PROMPT: Print the first line of the material below and each line after it, exactly as written, ending with the line that contains "#21 scooter or".

DATA SHOWN:
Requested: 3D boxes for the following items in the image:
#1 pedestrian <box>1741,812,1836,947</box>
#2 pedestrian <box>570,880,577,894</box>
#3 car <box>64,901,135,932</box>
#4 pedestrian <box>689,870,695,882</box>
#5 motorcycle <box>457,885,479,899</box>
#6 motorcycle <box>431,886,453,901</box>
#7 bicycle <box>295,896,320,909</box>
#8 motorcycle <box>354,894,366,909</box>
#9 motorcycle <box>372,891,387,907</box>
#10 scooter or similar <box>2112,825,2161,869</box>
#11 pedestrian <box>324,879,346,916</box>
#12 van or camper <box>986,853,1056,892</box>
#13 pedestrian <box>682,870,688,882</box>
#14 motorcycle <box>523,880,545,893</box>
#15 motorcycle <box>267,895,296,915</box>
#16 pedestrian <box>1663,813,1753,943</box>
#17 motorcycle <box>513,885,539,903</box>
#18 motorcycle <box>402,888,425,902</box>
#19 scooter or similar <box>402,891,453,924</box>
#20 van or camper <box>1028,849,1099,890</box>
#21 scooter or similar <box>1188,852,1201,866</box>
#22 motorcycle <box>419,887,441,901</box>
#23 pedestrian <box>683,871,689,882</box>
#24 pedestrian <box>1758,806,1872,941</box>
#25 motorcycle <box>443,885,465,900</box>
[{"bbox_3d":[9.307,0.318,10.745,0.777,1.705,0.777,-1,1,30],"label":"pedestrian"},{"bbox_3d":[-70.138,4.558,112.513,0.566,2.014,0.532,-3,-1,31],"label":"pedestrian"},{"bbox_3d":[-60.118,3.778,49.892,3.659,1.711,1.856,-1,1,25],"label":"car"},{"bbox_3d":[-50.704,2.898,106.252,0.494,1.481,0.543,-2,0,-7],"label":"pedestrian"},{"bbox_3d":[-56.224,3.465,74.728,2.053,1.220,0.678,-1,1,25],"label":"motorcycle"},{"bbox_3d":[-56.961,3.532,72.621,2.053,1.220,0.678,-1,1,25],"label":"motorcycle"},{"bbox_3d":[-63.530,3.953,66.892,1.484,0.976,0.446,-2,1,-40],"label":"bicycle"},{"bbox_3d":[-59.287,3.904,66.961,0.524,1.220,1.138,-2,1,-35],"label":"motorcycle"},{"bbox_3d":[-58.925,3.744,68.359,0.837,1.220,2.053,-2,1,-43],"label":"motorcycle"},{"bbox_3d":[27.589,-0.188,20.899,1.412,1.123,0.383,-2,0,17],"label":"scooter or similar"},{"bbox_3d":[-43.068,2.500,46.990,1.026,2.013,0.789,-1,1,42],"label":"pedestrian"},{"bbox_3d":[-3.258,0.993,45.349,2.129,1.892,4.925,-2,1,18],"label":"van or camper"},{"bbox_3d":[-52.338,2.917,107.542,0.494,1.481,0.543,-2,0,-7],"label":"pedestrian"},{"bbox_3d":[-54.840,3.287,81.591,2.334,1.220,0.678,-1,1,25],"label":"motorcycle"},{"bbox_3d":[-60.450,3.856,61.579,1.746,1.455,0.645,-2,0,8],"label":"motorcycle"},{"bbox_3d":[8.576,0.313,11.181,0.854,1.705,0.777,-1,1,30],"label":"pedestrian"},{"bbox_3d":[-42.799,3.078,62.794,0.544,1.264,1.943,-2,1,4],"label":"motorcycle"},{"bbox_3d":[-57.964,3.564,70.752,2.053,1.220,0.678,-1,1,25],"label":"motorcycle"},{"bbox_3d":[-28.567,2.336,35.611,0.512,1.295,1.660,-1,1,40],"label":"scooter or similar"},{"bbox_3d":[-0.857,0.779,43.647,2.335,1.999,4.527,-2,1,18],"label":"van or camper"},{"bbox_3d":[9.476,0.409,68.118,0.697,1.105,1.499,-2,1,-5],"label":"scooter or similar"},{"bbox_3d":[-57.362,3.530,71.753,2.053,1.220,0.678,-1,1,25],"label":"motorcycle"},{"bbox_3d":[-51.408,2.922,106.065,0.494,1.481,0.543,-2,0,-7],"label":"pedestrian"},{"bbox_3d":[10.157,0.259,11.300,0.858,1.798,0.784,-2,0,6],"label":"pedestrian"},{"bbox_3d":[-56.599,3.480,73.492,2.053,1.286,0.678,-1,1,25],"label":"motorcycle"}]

RESPONSE AREA:
Requested: 3D boxes for the following items in the image:
#1 pedestrian <box>1741,812,1836,947</box>
#2 pedestrian <box>570,880,577,894</box>
#3 car <box>64,901,135,932</box>
#4 pedestrian <box>689,870,695,882</box>
#5 motorcycle <box>457,885,479,899</box>
#6 motorcycle <box>431,886,453,901</box>
#7 bicycle <box>295,896,320,909</box>
#8 motorcycle <box>354,894,366,909</box>
#9 motorcycle <box>372,891,387,907</box>
#10 scooter or similar <box>2112,825,2161,869</box>
#11 pedestrian <box>324,879,346,916</box>
#12 van or camper <box>986,853,1056,892</box>
#13 pedestrian <box>682,870,688,882</box>
#14 motorcycle <box>523,880,545,893</box>
#15 motorcycle <box>267,895,296,915</box>
#16 pedestrian <box>1663,813,1753,943</box>
#17 motorcycle <box>513,885,539,903</box>
#18 motorcycle <box>402,888,425,902</box>
#19 scooter or similar <box>402,891,453,924</box>
#20 van or camper <box>1028,849,1099,890</box>
#21 scooter or similar <box>1188,852,1201,866</box>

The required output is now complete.